Le premier, constitué de prises plutôt tardives (de 1979 à 1985) est principalement consacré à l’opérette (si l’on excepte un lied de Mendelssohn et l’insubmersible « Ave Maria » de Gounod, casés là sans que l’on comprenne bien ce qu’ils viennent y faire). Dans ce répertoire plus ardu qu’il n’y paraît, Prey fait preuve d’un charme fou, mais aussi d’une classe irréprochable, d’un art du clin d’œil vocal qui fait mouche, sans jamais tomber pour autant dans la facilité.

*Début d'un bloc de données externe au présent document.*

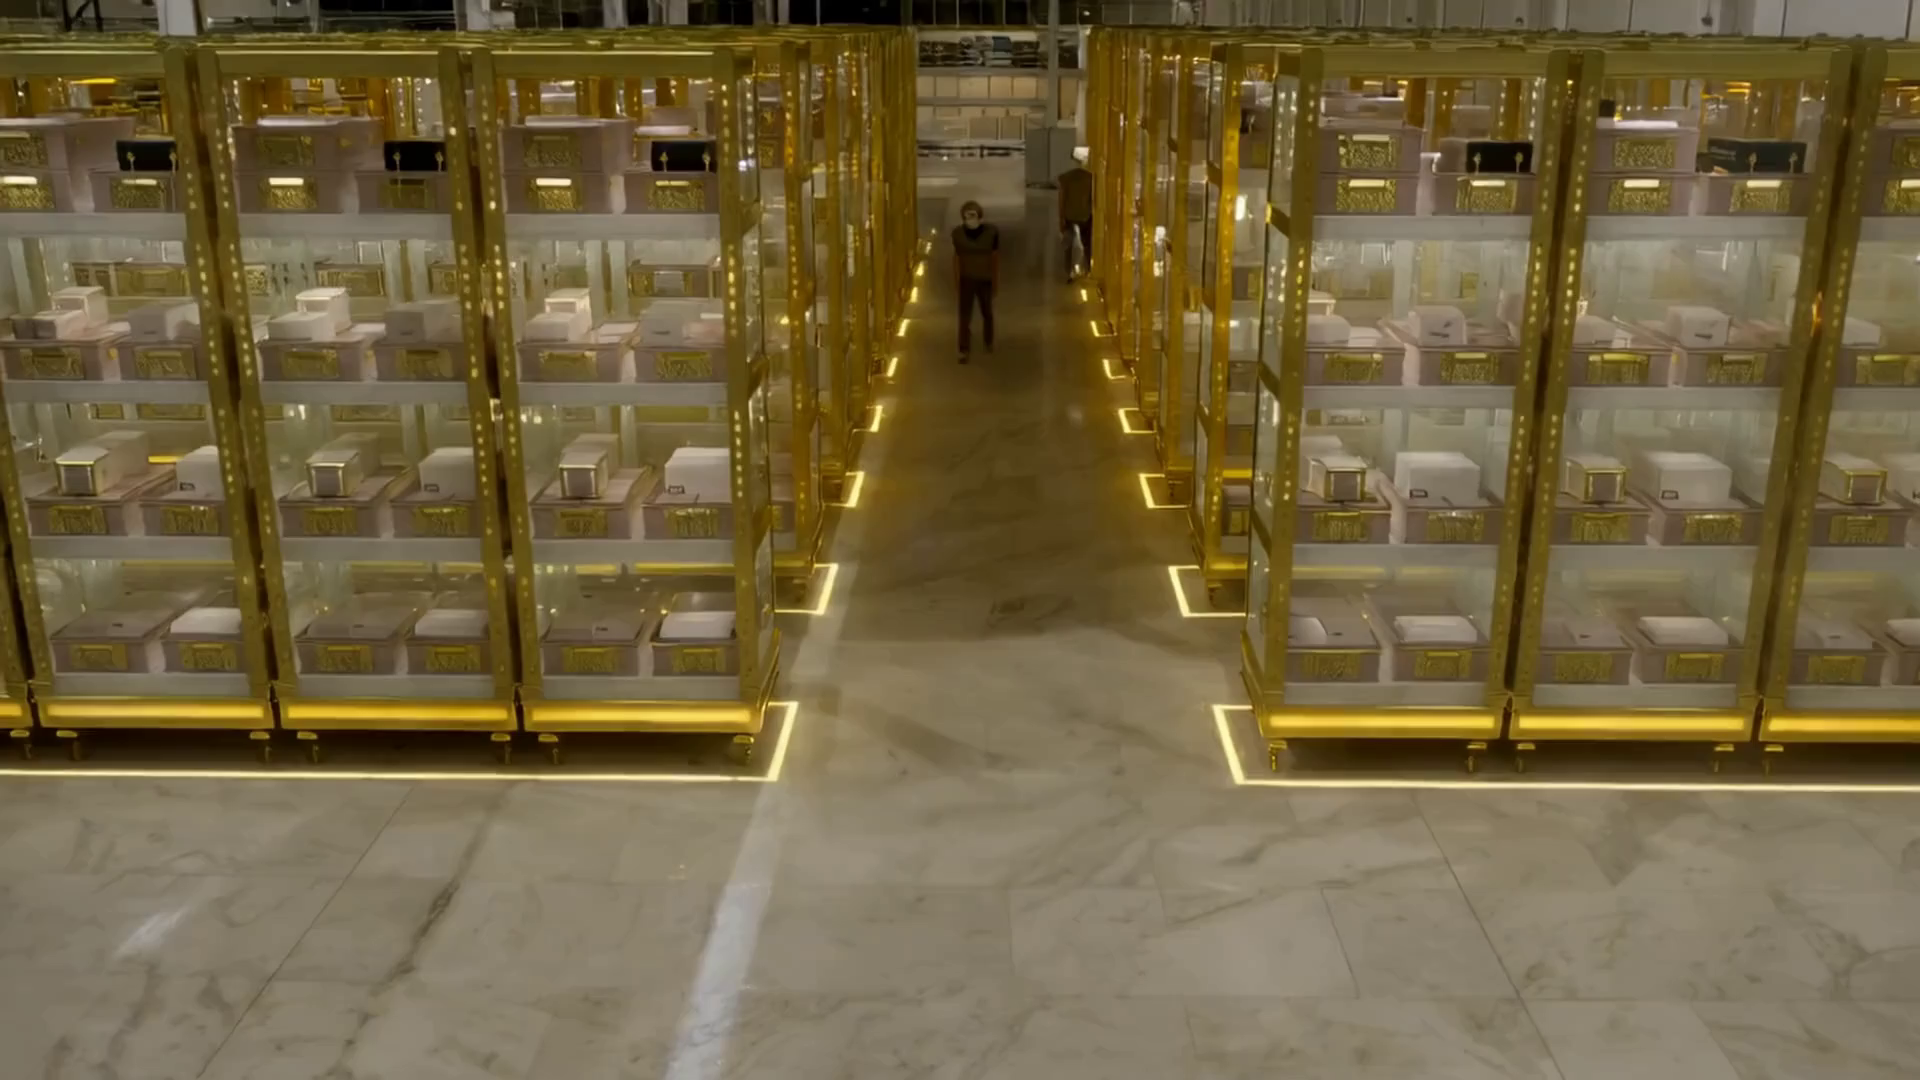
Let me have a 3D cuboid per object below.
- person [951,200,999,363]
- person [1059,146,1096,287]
[{"bbox_3d":[0.190,-2.960,18.859,0.574,1.802,0.943,3,18,10],"label":"person"},{"bbox_3d":[1.715,-4.638,23.872,0.608,1.996,0.382,10,20,28],"label":"person"}]

Le deuxième disque regroupe deux cycles de chants populaires allemands. « Der kleine Rosengarten », cycle composé en 1917 par le pédagogue et maître de chant allemand Fritz Jöde, s’écoute sans déplaisir. Les « Deutsche Volkslieder » de Brahms sont quant à eux bien connus des mélomanes. Dans les deux cas, Prey est à son avantage : ce répertoire à la simplicité terrienne et aux saveurs ancestrales lui convient tout particulièrement et il y fait merveille à tel point que l’on pourrait croire ces lieder écrits pour lui. Là encore, point de calcul qui n’a pas lieu d’être, mais l’évidence du naturel.
Le troisième disque nous entraîne dans l’univers du lied, avec une prédominance de Loewe et de Wolf. Là encore, Prey convainc par ses qualités de diseur, servies par une voix particulièrement ductile et homogène, une prononciation irréprochable, et une intelligence du mot dont on constatera avec plaisir qu’elle n’était pas, en ces années, le monopole de DFD. Les ballades de Loewe (dont Prey s’était fait une sorte de spécialité), conviennent tout particulièrement à cette voix foncièrement saine. On admirera la science avec laquelle Hermann Prey parvient à varier les climats, et on vérifiera au passage qu’il sait exceller ailleurs que dans le registre de l’optimisme béat : que l’on écoute « Die verfallene Mühle » de Loewe ou « Heimweh » de Wolf, poignants de nostalgie et de douleur rentrée : c’est admirable.
Le quatrième disque, enfin, est consacré à l’opéra. Il permet d’entendre Hermann Prey à différents stades de sa carrière (les prises s’échelonnent entre 1955 et 1986) dans quelques-uns des rôles qu’il a marqués de son empreinte. Au pinacle, on placera évidemment son Papageno, irrésistible de bonhomie, en regrettant de n’en avoir qu’un air (« Ein Mädchen oder Weibchen »), mais aussi son Figaro du Barbier de Séville, superbe à défaut d’être parfaitement idiomatique (notamment du fait de l’allemand). Deux absolus coups de cœur dans ce disque : l’air de Fritz (« Mein Sehnen, mein Wähnen »), extrait de La Ville morte de Korngold, irréel à force de splendeur, et un surprenant et superbe duo « Solenne in quest’ora » de La Force du Destin, chanté (en italien, hosannah !) avec l’Alvaro très en situation de Francisco Araiza. Ces presque 5 minutes nous font regretter que Prey n’ait pas enregistré davantage de Verdi (à commencer par l’intégralité du rôle de Carlo) et laissent entrevoir un Macbeth, un Posa un Renato ou un Luna qui auraient pu… Regrets éternels. Plus prosaïquement, on regrettera de ne pas trouver sur ce disque de témoignage de son Figaro mozartien, ni de duo avec son éternel complice Fritz Wunderlich – un attelage de voix comme on n’en trouve que deux ou trois par générations (le minutage du disque l’aurait permis, et on aurait volontiers échangé le duo de Don Giovanni avec la Zerline pointue et aigrelette d’Erika Köth contre le fameux duo des Pêcheurs de perles ou celui de Don Carlo…)
S’il n’apporte rien de nouveau à la connaissance d’Hermann Prey, ce coffret permet, sur plus de 4 heures et demi de musique, de se faire une idée relativement fidèle de ses qualités, à commencer par sa profonde générosité: c’est déjà beaucoup, et suffit à en recommander chaleureusement l’achat.